MACI has previously been shown to offer successful short-term outcomes in the treatment of knee cartilage defects [4, 20, 35, 40]. The first five-year retrospective case series of MACI patients (N = 15) reported that 58 % of patients experienced satisfactory results [6]. Another multicentre case study (N = 41) reported satisfactory and improved ratings from 98 and 86 % of patients, respectively, during 5 years of follow-up, concluding that MACI is a useful medium-term treatment option [13].

There is scant information in the literature enabling comparison and definition of problems after MACI implantation.

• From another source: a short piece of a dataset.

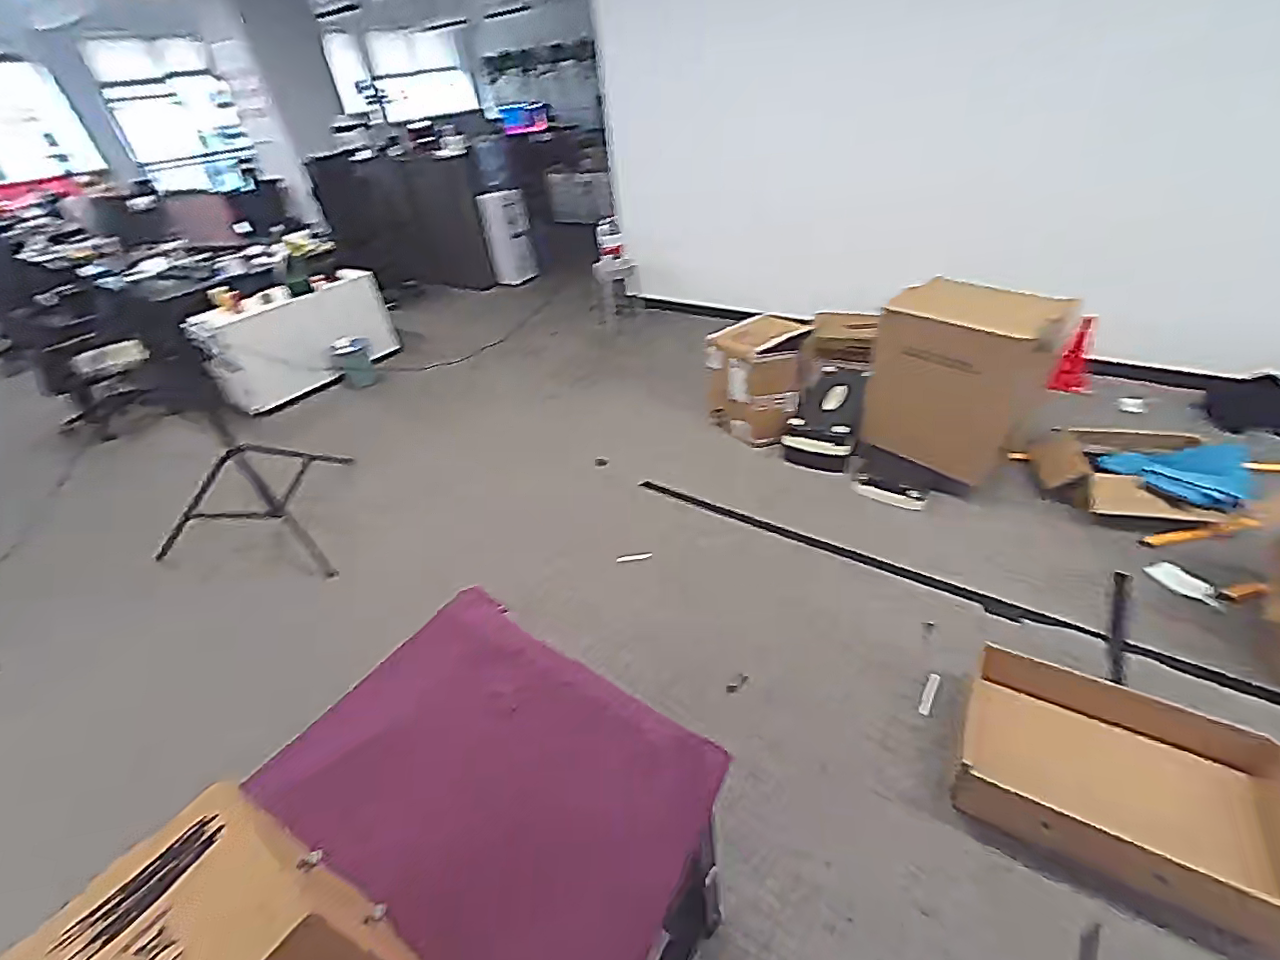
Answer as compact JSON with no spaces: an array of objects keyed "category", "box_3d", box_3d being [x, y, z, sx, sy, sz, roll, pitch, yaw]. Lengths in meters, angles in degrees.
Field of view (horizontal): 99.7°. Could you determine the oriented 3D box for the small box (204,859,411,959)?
[{"category":"small box","box_3d":[-0.332,0.541,0.541,0.179,0.176,0.168,18,44,31]}]

According to a systematic review, ACI showed a failure rate between 1.5 and 7.7 %, with the highest rates in periosteal-covered ACI and the lowest with MACI [22]. Periosteal hypertrophy was commonly reported after first generation ACI [10, 26, 28, 32] but MACI’s resorbable membrane negates the need for a periosteal flap, and therefore, this problem has not been observed in these, or other [27, 42], studies using MACI. Some patients in the current study showed minor symptomatic graft fibrillation without marked hypertrophy solely in patellar locations, which suggests shear forces may affect graft growth.

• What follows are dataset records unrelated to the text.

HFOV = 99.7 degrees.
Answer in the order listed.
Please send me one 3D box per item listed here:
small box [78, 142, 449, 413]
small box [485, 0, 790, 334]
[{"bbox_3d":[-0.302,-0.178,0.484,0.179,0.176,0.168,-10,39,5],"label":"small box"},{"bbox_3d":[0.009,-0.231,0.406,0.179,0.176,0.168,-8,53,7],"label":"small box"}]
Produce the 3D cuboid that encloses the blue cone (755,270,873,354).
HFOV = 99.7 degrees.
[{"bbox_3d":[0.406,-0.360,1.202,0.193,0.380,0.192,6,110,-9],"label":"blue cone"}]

Symptoms that required further treatment and treatment failures could both be addressed with a variety of alternative surgical procedures. Retrograde bone grafting, or revision MACI after ACI, has to be categorised as salvage procedures, especially in the knowledge that failed cartilage repair is often followed by early osteoarthritic changes. The correlation of postoperative clinical symptoms with changes in the subchondral bone highlighted the vital role that subchondral bone plays in the success of cartilage repair treatments [18]. The method of replacing pathologic subchondral bone with autologous grafts confirms that chondral repair is likely to fail without a viable subchondral bed. Depending on the age of the patient resurfacing or osteotomy can also successfully complement partially successful cartilage regeneration. Except for the one reported patient where joint resurfacing was necessary, all other posttreatment complications in the current study could be addressed with biologic joint sparing techniques.

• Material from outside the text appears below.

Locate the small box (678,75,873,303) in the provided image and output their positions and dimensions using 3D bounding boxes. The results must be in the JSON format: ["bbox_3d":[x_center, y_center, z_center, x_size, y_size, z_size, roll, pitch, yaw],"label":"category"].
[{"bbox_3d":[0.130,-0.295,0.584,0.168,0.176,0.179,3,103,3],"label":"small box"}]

There is consensus in the literature that MACI represents a safe and effective regenerative technique in isolated cartilage defects larger than 3 cm2 [4, 14, 35, 40, 43] but it has been difficult to correlate the clinical and macroscopic appearance of regenerative tissue closely with the histological outcomes [15]. Although their usefulness is limited by the small sample size of the subgroups studied, the results of the present study, which focuses on the functional status of a comparatively high number of patients, are in agreement with this consensus and add to the existing evidence [6, 13, 17, 25]. They also offer insight into medium-term (5 years) effectiveness, zone-specific outcomes and the successful management of posttreatment complications and treatment failures.

Conclusion

This study shows that the treatment of isolated knee cartilage defects with MACI is safe and effective in the majority of patients, with clinical scores showing significant improvement at 2 years and some results suggesting clinical benefit continuing for up to 5 years. Patients in whom treatment was only partially successful can go on to obtain clinical benefit from other cartilage repair options. This study adds to the body of clinical evidence on the MACI procedure, offers insight into likely treatment outcomes, and highlights MACI’s usefulness as part of an armamentarium of surgical approaches to the treatment of isolated knee defects.